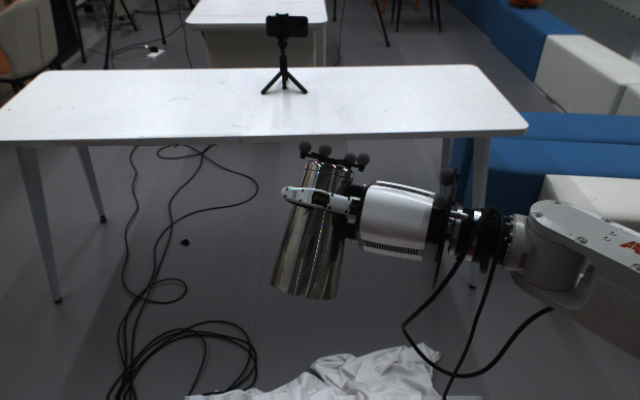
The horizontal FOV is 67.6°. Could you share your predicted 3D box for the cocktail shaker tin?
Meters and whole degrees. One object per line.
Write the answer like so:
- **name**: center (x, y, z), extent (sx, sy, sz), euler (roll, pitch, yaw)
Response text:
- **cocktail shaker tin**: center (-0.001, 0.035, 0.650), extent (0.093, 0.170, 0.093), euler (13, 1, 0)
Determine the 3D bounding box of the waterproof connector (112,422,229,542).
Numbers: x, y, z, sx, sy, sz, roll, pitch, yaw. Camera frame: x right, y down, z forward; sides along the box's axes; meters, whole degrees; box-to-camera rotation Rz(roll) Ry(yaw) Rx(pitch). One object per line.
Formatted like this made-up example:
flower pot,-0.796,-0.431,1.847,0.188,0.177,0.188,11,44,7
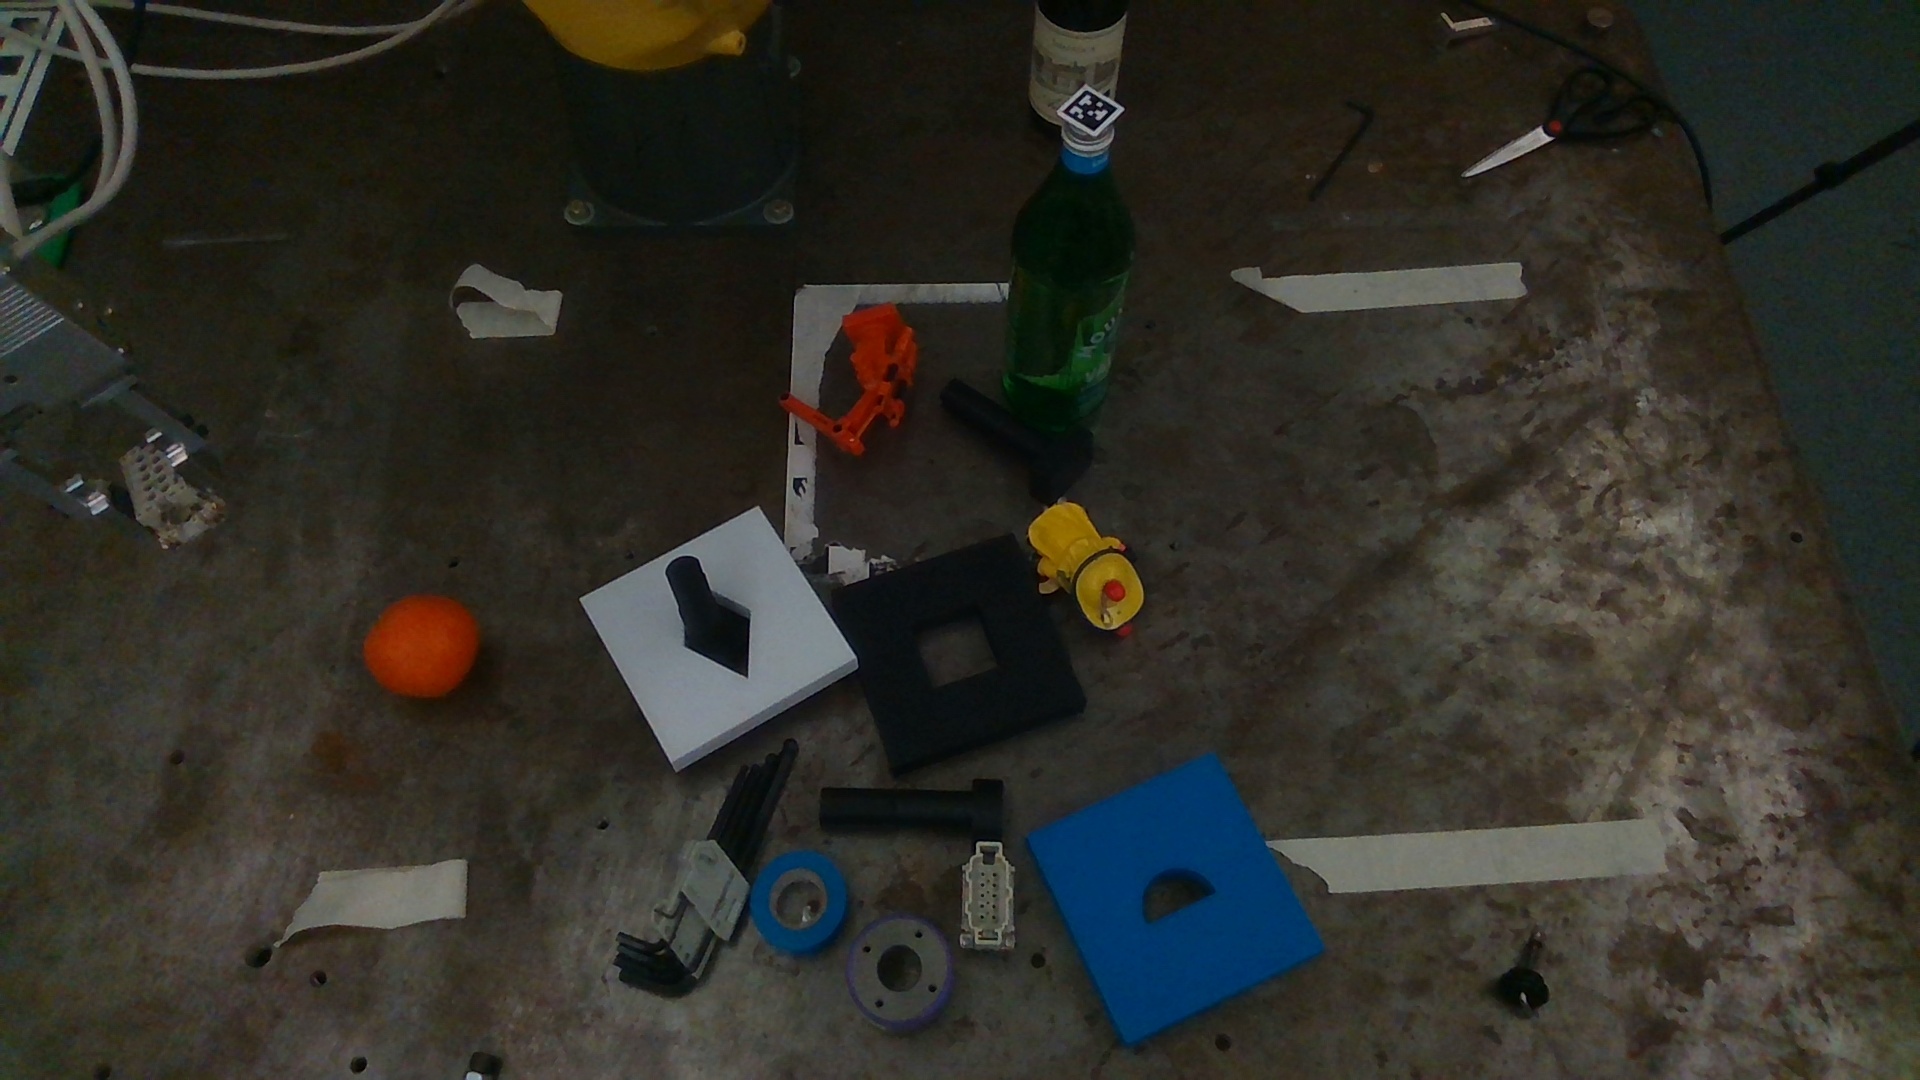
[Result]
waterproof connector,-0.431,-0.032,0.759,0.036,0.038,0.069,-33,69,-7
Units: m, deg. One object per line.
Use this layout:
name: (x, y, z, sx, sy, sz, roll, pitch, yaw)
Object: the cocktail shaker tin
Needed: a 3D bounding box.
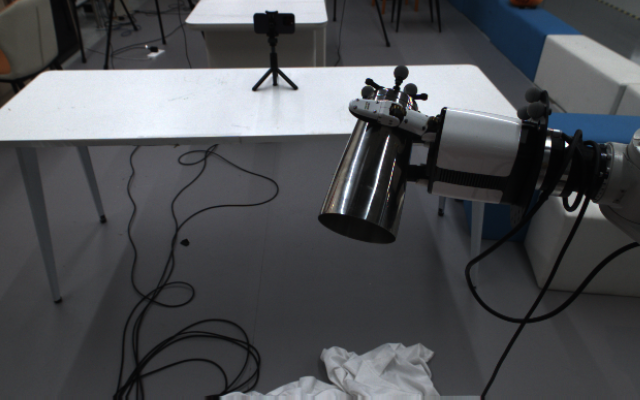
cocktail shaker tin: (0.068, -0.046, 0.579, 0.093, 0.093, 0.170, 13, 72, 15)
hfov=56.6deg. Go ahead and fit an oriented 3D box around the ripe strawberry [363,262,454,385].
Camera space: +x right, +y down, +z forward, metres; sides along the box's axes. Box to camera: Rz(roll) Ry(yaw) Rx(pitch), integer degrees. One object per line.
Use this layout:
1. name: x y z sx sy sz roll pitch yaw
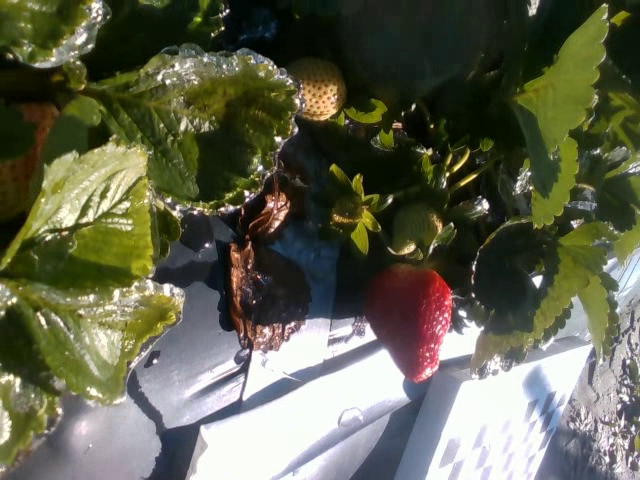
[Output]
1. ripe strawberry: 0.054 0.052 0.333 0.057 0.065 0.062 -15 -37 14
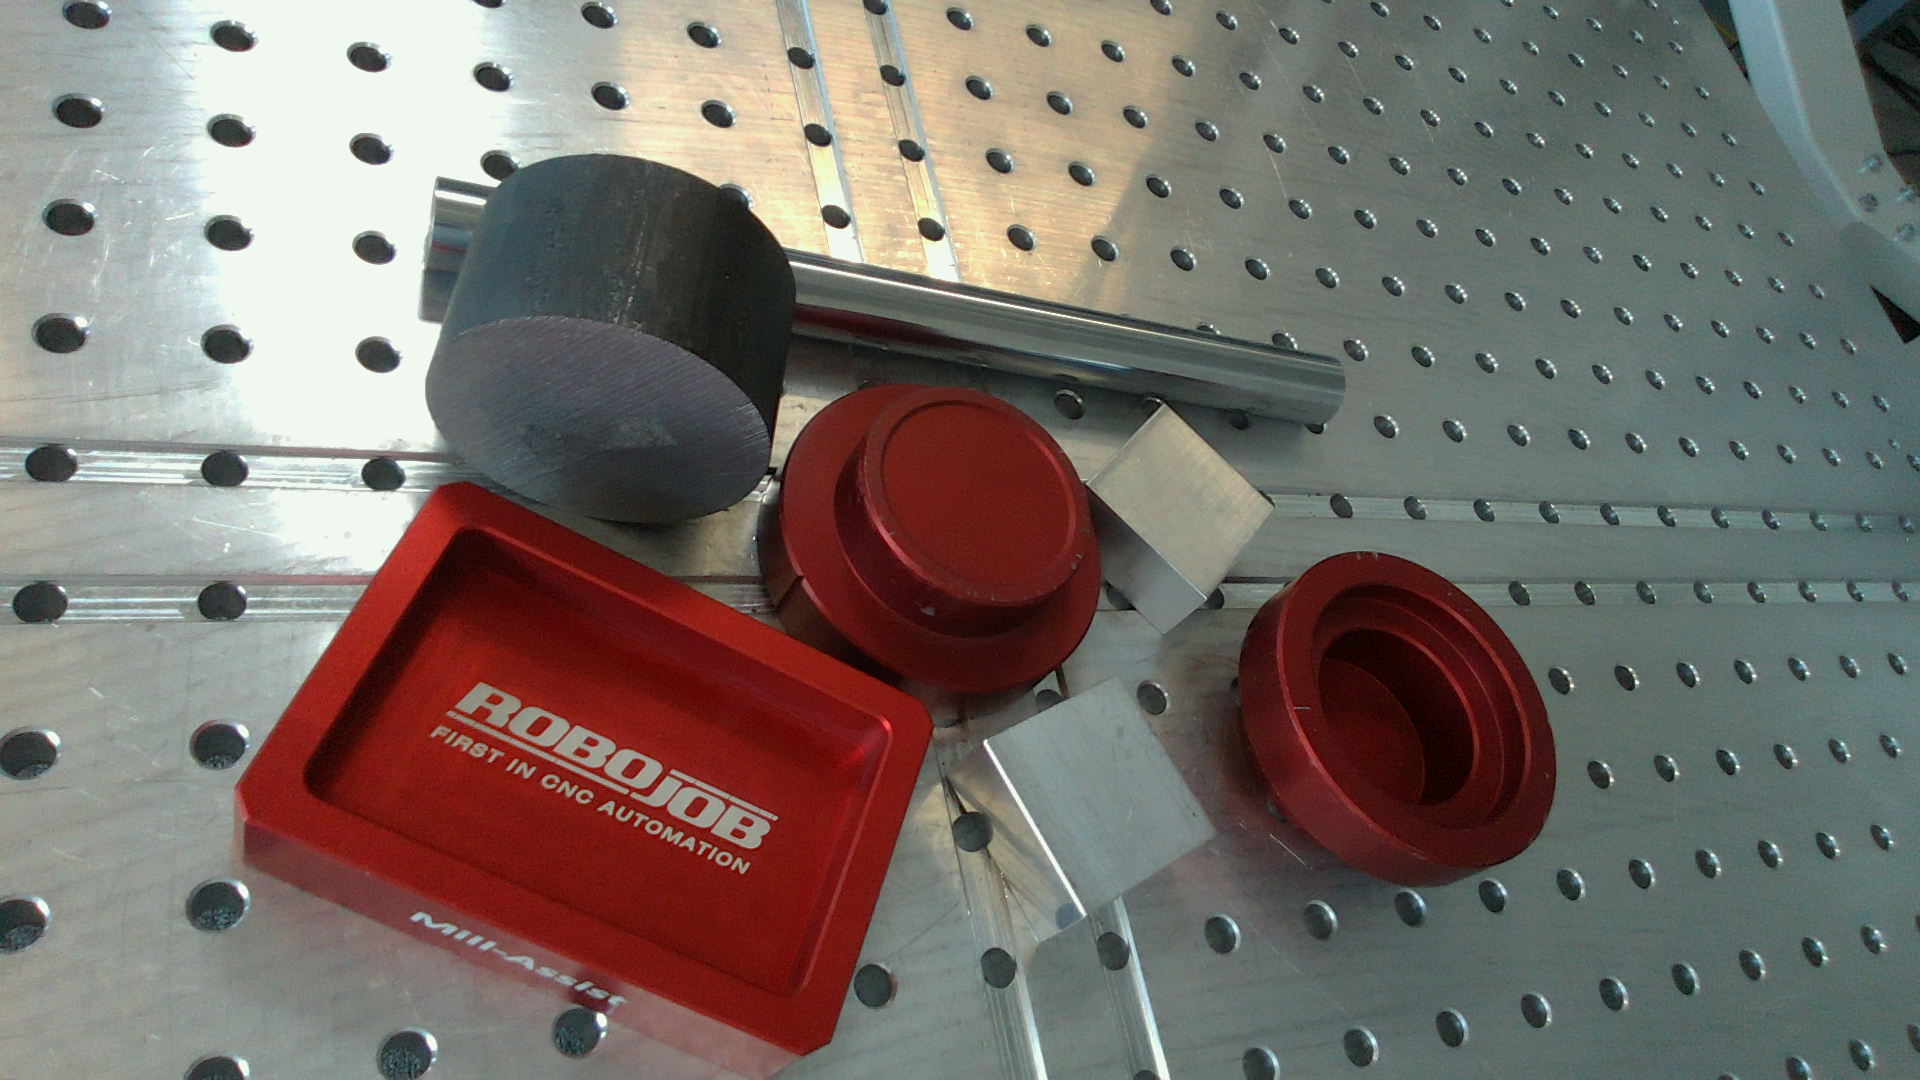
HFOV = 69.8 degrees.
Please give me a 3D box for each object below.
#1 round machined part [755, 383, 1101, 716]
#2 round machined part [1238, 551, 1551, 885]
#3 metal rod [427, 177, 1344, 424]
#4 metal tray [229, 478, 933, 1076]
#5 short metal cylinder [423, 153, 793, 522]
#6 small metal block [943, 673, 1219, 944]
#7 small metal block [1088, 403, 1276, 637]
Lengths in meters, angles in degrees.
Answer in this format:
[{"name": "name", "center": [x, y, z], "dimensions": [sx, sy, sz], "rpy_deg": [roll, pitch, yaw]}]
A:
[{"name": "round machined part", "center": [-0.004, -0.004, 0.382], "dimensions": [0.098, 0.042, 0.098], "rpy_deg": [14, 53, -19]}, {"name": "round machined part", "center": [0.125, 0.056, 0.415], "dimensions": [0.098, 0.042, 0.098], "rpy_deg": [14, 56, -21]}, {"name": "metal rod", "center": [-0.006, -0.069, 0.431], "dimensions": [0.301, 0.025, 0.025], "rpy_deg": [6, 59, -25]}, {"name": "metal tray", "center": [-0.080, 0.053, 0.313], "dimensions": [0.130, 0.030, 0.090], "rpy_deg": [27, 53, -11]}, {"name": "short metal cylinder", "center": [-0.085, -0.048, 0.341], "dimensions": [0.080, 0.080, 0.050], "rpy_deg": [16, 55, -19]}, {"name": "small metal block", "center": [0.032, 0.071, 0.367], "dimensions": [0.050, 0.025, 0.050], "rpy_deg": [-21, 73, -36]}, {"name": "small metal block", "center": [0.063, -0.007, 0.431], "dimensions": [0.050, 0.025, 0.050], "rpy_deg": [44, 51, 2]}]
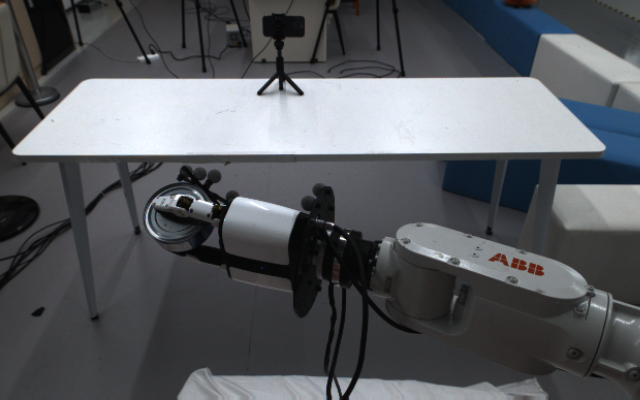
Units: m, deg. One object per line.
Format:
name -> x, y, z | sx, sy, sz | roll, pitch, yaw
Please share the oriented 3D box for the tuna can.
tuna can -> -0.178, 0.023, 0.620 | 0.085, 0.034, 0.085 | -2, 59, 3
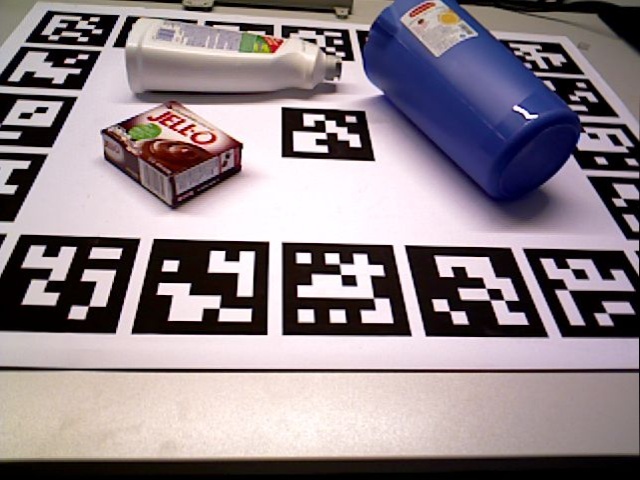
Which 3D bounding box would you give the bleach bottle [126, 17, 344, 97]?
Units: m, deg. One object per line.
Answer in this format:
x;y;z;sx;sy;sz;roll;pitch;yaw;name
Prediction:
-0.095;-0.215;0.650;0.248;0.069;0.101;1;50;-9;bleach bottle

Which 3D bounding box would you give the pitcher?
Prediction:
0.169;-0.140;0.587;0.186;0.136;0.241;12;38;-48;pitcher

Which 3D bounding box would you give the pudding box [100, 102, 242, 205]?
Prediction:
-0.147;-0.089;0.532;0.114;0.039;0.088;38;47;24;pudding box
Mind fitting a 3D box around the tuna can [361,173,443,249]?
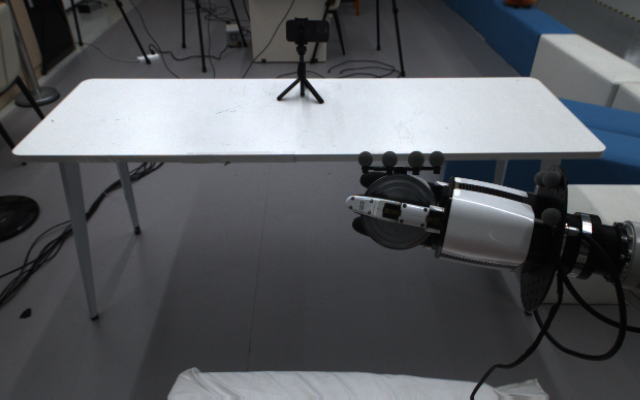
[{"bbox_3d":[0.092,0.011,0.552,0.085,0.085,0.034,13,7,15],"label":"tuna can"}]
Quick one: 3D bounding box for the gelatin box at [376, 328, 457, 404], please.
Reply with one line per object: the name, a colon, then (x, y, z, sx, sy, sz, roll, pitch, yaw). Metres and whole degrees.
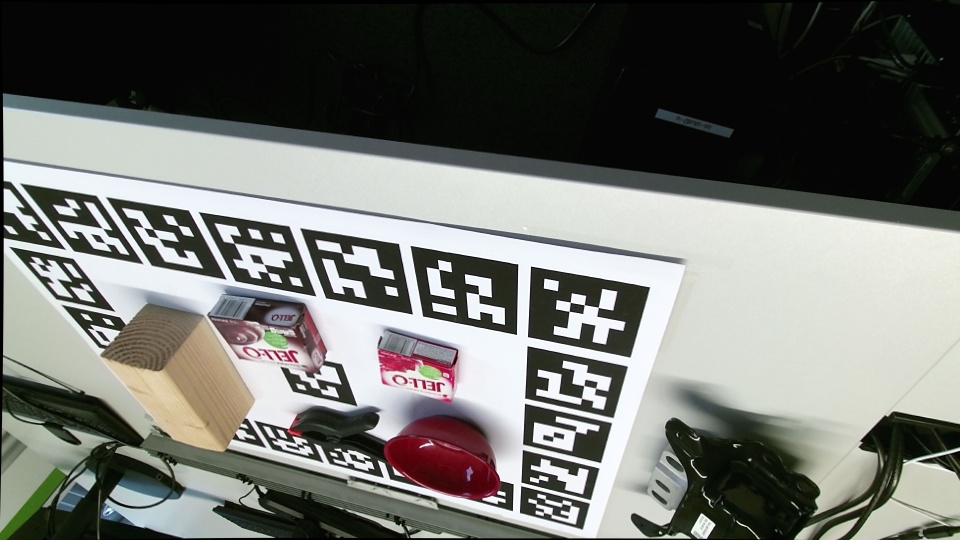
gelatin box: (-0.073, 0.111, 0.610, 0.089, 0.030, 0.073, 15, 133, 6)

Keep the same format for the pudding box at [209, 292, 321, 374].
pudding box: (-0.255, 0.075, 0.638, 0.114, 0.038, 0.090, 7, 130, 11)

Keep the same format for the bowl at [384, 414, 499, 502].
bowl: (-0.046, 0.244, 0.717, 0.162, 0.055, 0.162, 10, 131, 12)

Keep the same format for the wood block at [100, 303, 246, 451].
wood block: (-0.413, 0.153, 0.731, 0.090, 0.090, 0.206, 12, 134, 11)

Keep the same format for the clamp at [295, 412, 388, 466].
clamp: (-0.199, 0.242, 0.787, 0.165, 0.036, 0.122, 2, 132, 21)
##########
*Description of the task*
Copy the listing above word for word. Do not include the pictures.

*Output of the task*
The horizontal FOV is 67.6°. Could you share your predicted 3D box for the cocktail shaker tin?
Meters and whole degrees. One object per line.
Write the answer like so:
- **name**: center (x, y, z), extent (sx, sy, sz), euler (roll, pitch, yaw)
Response text:
- **cocktail shaker tin**: center (-0.001, 0.035, 0.650), extent (0.093, 0.170, 0.093), euler (13, 1, 0)
Determine the 3D bounding box of the waterproof connector (112,422,229,542).
Numbers: x, y, z, sx, sy, sz, roll, pitch, yaw. Camera frame: x right, y down, z forward; sides along the box's axes; meters, whole degrees; box-to-camera rotation Rz(roll) Ry(yaw) Rx(pitch). One object per line.
Formatted like this made-up example:
flower pot,-0.796,-0.431,1.847,0.188,0.177,0.188,11,44,7
[Result]
waterproof connector,-0.431,-0.032,0.759,0.036,0.038,0.069,-33,69,-7
Units: m, deg. One object per line.
Use this layout:
name: (x, y, z, sx, sy, sz, roll, pitch, yaw)
Object: the cocktail shaker tin
Needed: a 3D bounding box.
cocktail shaker tin: (0.068, -0.046, 0.579, 0.093, 0.093, 0.170, 13, 72, 15)
hfov=56.6deg. Go ahead and fit an oriented 3D box around the ripe strawberry [363,262,454,385].
Camera space: +x right, +y down, +z forward, metres; sides along the box's axes. Box to camera: Rz(roll) Ry(yaw) Rx(pitch), integer degrees. One object per line.
Use this layout:
1. name: x y z sx sy sz roll pitch yaw
[Output]
1. ripe strawberry: 0.054 0.052 0.333 0.057 0.065 0.062 -15 -37 14
HFOV = 69.8 degrees.
Please give me a 3D box for each object below.
#1 round machined part [755, 383, 1101, 716]
#2 round machined part [1238, 551, 1551, 885]
#3 metal rod [427, 177, 1344, 424]
#4 metal tray [229, 478, 933, 1076]
#5 short metal cylinder [423, 153, 793, 522]
#6 small metal block [943, 673, 1219, 944]
#7 small metal block [1088, 403, 1276, 637]
Lengths in meters, angles in degrees.
Answer in this format:
[{"name": "name", "center": [x, y, z], "dimensions": [sx, sy, sz], "rpy_deg": [roll, pitch, yaw]}]
A:
[{"name": "round machined part", "center": [-0.004, -0.004, 0.382], "dimensions": [0.098, 0.042, 0.098], "rpy_deg": [14, 53, -19]}, {"name": "round machined part", "center": [0.125, 0.056, 0.415], "dimensions": [0.098, 0.042, 0.098], "rpy_deg": [14, 56, -21]}, {"name": "metal rod", "center": [-0.006, -0.069, 0.431], "dimensions": [0.301, 0.025, 0.025], "rpy_deg": [6, 59, -25]}, {"name": "metal tray", "center": [-0.080, 0.053, 0.313], "dimensions": [0.130, 0.030, 0.090], "rpy_deg": [27, 53, -11]}, {"name": "short metal cylinder", "center": [-0.085, -0.048, 0.341], "dimensions": [0.080, 0.080, 0.050], "rpy_deg": [16, 55, -19]}, {"name": "small metal block", "center": [0.032, 0.071, 0.367], "dimensions": [0.050, 0.025, 0.050], "rpy_deg": [-21, 73, -36]}, {"name": "small metal block", "center": [0.063, -0.007, 0.431], "dimensions": [0.050, 0.025, 0.050], "rpy_deg": [44, 51, 2]}]
Units: m, deg. One object per line.
Format:
name -> x, y, z | sx, sy, sz | roll, pitch, yaw
Please share the oriented 3D box for the tuna can.
tuna can -> -0.178, 0.023, 0.620 | 0.085, 0.034, 0.085 | -2, 59, 3
Which 3D bounding box would you give the bleach bottle [126, 17, 344, 97]?
Units: m, deg. One object per line.
Answer in this format:
x;y;z;sx;sy;sz;roll;pitch;yaw;name
Prediction:
-0.095;-0.215;0.650;0.248;0.069;0.101;1;50;-9;bleach bottle

Which 3D bounding box would you give the pitcher?
Prediction:
0.169;-0.140;0.587;0.186;0.136;0.241;12;38;-48;pitcher

Which 3D bounding box would you give the pudding box [100, 102, 242, 205]?
Prediction:
-0.147;-0.089;0.532;0.114;0.039;0.088;38;47;24;pudding box
Mind fitting a 3D box around the tuna can [361,173,443,249]?
[{"bbox_3d":[0.092,0.011,0.552,0.085,0.085,0.034,13,7,15],"label":"tuna can"}]
Quick one: 3D bounding box for the gelatin box at [376, 328, 457, 404], please.
Reply with one line per object: the name, a colon, then (x, y, z, sx, sy, sz, roll, pitch, yaw). Metres and whole degrees.
gelatin box: (-0.073, 0.111, 0.610, 0.089, 0.030, 0.073, 15, 133, 6)

Keep the same format for the pudding box at [209, 292, 321, 374].
pudding box: (-0.255, 0.075, 0.638, 0.114, 0.038, 0.090, 7, 130, 11)

Keep the same format for the bowl at [384, 414, 499, 502].
bowl: (-0.046, 0.244, 0.717, 0.162, 0.055, 0.162, 10, 131, 12)

Keep the same format for the wood block at [100, 303, 246, 451].
wood block: (-0.413, 0.153, 0.731, 0.090, 0.090, 0.206, 12, 134, 11)

Keep the same format for the clamp at [295, 412, 388, 466].
clamp: (-0.199, 0.242, 0.787, 0.165, 0.036, 0.122, 2, 132, 21)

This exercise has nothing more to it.